Тихий Дон. Том 2 - Михаил Шолохов
Шрифт:
Интервал:
Закладка:
Говорил Захар Королев.
– А на что она тебе сдалась? – просто спросил Христоня.
– Она мне не нужна. Но уговору не было, как мы пущали Красную Армию через свой округ, чтобы нас обезоруживали.
– Верно!
– Фомин говорил на митинге!
– Шашки на свои копейки справляли!
– Я со своим винтом с германской пришел, а тут отдай!
– Оружие, скажи, не отдадим!
– Казаков обобрать норовят! Я что же значу без вооружения? На каком полозу я должен ехать? Я без оружия, как баба с задратым подолом, – голый.
– При нас останется!
Мишка Кошевой чинно попросил слова:
– Дозвольте, товарищи! Мне даже довольно удивительно слухать такие разговоры. Военное положение или нет у нас?
– Да нехай хучь сзади военного!
– А раз военное – гутарить долго нечего. Вынь и отдай! Мы-то не так делали, как занимали хохлачьи слободы?
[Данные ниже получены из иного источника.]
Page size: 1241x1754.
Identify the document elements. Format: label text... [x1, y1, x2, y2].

Лапченков погладил свою папашку и как припечатал:
– Кто в этих трех днях не сдаст оружие, будет предан революционному суду и расстрелян, как контра.
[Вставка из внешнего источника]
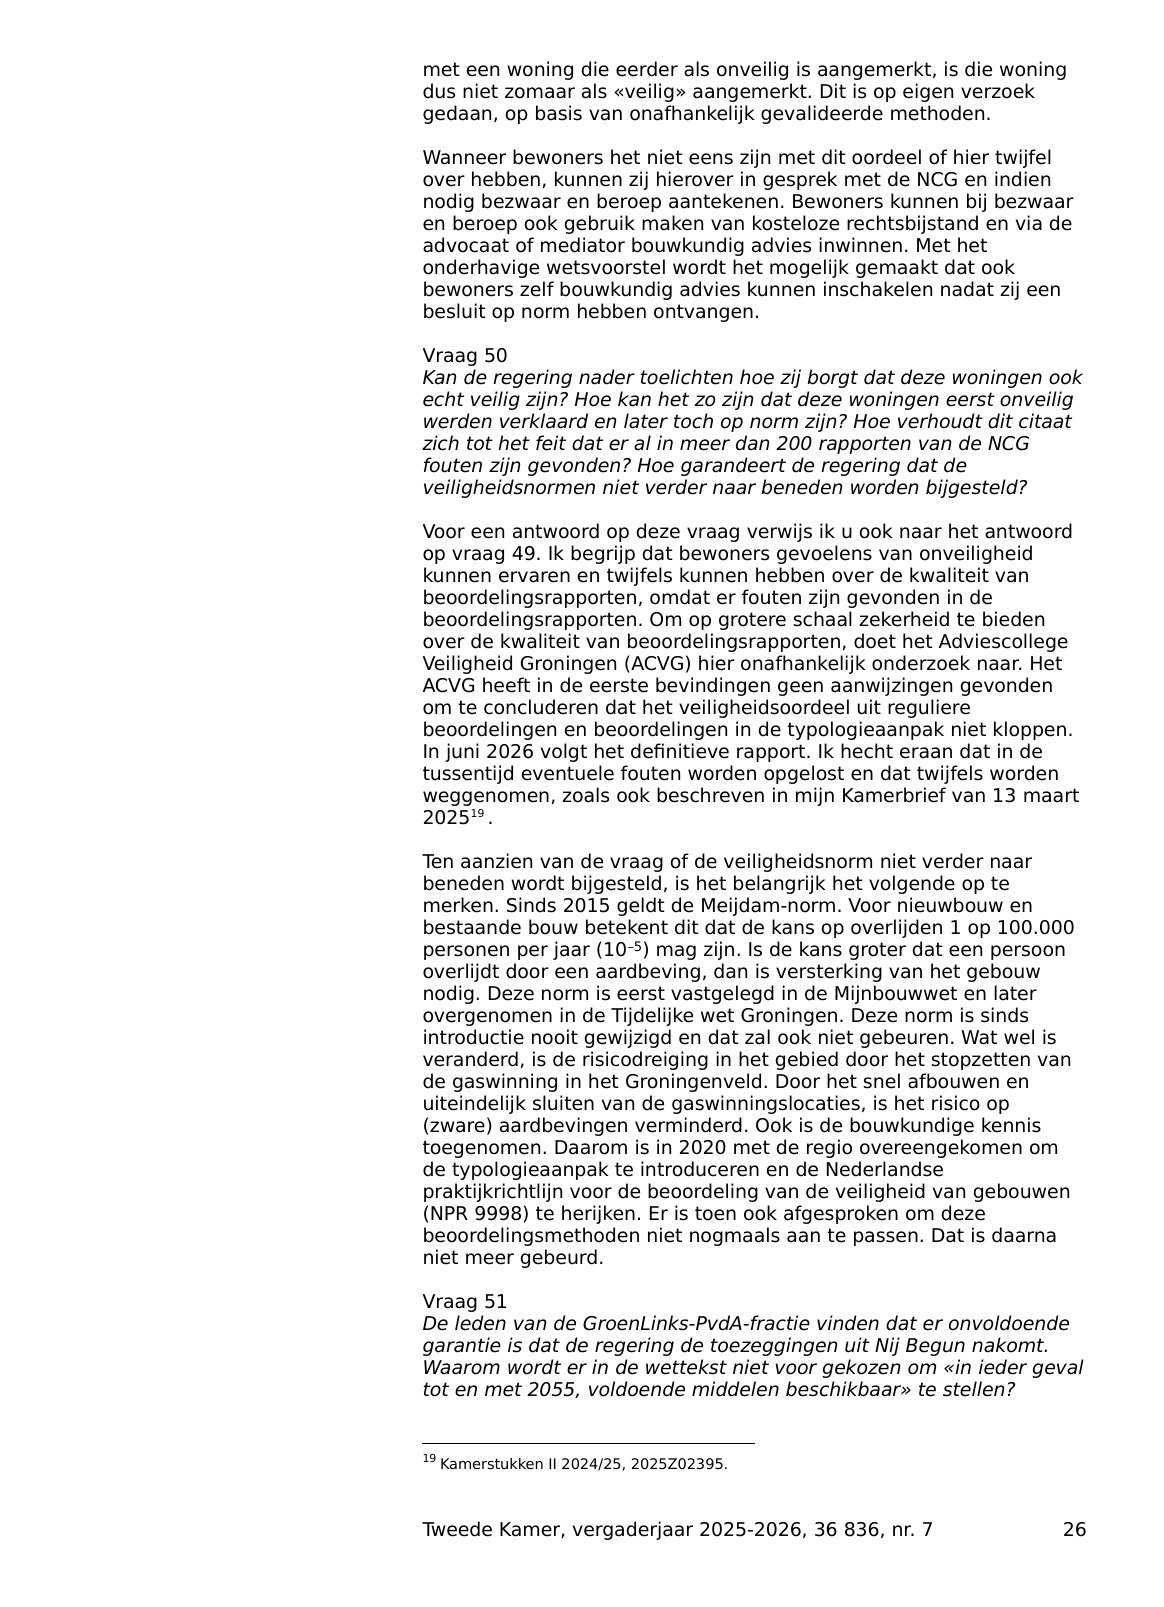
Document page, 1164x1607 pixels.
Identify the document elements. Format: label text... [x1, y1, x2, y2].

text Ten aanzien van de vraag of de veiligheidsnorm niet verder naar beneden wordt bijgesteld, is het belangrijk het volgende op te merken. Sinds 2015 geldt de Meijdam-norm. Voor nieuwbouw en bestaande bouw betekent dit dat de kans op overlijden 1 op 100.000 personen per jaar (10–5) mag zijn. Is de kans groter dat een persoon overlijdt door een aardbeving, dan is versterking van het gebouw nodig. Deze norm is eerst vastgelegd in de Mijnbouwwet en later overgenomen in de Tijdelijke wet Groningen. Deze norm is sinds introductie nooit gewijzigd en dat zal ook niet gebeuren. Wat wel is veranderd, is de risicodreiging in het gebied door het stopzetten van de gaswinning in het Groningenveld. Door het snel afbouwen en uiteindelijk sluiten van de gaswinningslocaties, is het risico op (zware) aardbevingen verminderd. Ook is de bouwkundige kennis toegenomen. Daarom is in 2020 met de regio overeengekomen om de typologieaanpak te introduceren en de Nederlandse praktijkrichtlijn voor de beoordeling van de veiligheid van gebouwen (NPR 9998) te herijken. Er is toen ook afgesproken om deze beoordelingsmethoden niet nogmaals aan te passen. Dat is daarna niet meer gebeurd. [422, 851, 1087, 1269]
text Vraag 51 [422, 1291, 1087, 1313]
text De leden van de GroenLinks-PvdA-fractie vinden dat er onvoldoende garantie is dat de regering de toezeggingen uit Nij Begun nakomt. Waarom wordt er in de wettekst niet voor gekozen om «in ieder geval tot en met 2055, voldoende middelen beschikbaar» te stellen? [422, 1313, 1087, 1401]
text met een woning die eerder als onveilig is aangemerkt, is die woning dus niet zomaar als «veilig» aangemerkt. Dit is op eigen verzoek gedaan, op basis van onafhankelijk gevalideerde methoden. [422, 59, 1087, 125]
text Wanneer bewoners het niet eens zijn met dit oordeel of hier twijfel over hebben, kunnen zij hierover in gesprek met de NCG en indien nodig bezwaar en beroep aantekenen. Bewoners kunnen bij bezwaar en beroep ook gebruik maken van kosteloze rechtsbijstand en via de advocaat of mediator bouwkundig advies inwinnen. Met het onderhavige wetsvoorstel wordt het mogelijk gemaakt dat ook bewoners zelf bouwkundig advies kunnen inschakelen nadat zij een besluit op norm hebben ontvangen. [422, 147, 1087, 323]
text Vraag 50 [422, 345, 1087, 367]
text Kamerstukken II 2024/25, 2025Z02395. [422, 1452, 1087, 1474]
text Voor een antwoord op deze vraag verwijs ik u ook naar het antwoord op vraag 49. Ik begrijp dat bewoners gevoelens van onveiligheid kunnen ervaren en twijfels kunnen hebben over de kwaliteit van beoordelingsrapporten, omdat er fouten zijn gevonden in de beoordelingsrapporten. Om op grotere schaal zekerheid te bieden over de kwaliteit van beoordelingsrapporten, doet het Adviescollege Veiligheid Groningen (ACVG) hier onafhankelijk onderzoek naar. Het ACVG heeft in de eerste bevindingen geen aanwijzingen gevonden om te concluderen dat het veiligheidsoordeel uit reguliere beoordelingen en beoordelingen in de typologieaanpak niet kloppen. In juni 2026 volgt het definitieve rapport. Ik hecht eraan dat in de tussentijd eventuele fouten worden opgelost en dat twijfels worden weggenomen, zoals ook beschreven in mijn Kamerbrief van 13 maart 2025. [422, 521, 1087, 829]
text Kan de regering nader toelichten hoe zij borgt dat deze woningen ook echt veilig zijn? Hoe kan het zo zijn dat deze woningen eerst onveilig werden verklaard en later toch op norm zijn? Hoe verhoudt dit citaat zich tot het feit dat er al in meer dan 200 rapporten van de NCG fouten zijn gevonden? Hoe garandeert de regering dat de veiligheidsnormen niet verder naar beneden worden bijgesteld? [422, 367, 1087, 499]

После минуты молчания Томилин, кашляя, прохрипел:
– Просим выбирать власть!
Двинули кандидатуры. Накричали с десяток фамилий. Один из молодятни крикнул:
– Авдеича!
Однако шутка успеха не возымела. Первым голосовали Ивана Алексеевича.
Прошел единогласно.
– Дальше и голосовать нечего, – предложил Петро Мелехов.
Сход охотно согласился, и товарищем председателя выбрали без голосования Мишку Кошевого.
Мелеховы и Христоня не успели до дома дойти, а Аникушка уж повстречался им на полдороге. Под мышкой нес винтовку и патроны, завернутые в женину завеску. Увидел казаков – засовестился, шмыгнул в боковой переулок. Петро глянул на Григория, Григорий – на Христоню. Все, как по сговору, рассмеялись.
XIX
Казакует по родимой степи восточный ветер. Лога позанесло снегом.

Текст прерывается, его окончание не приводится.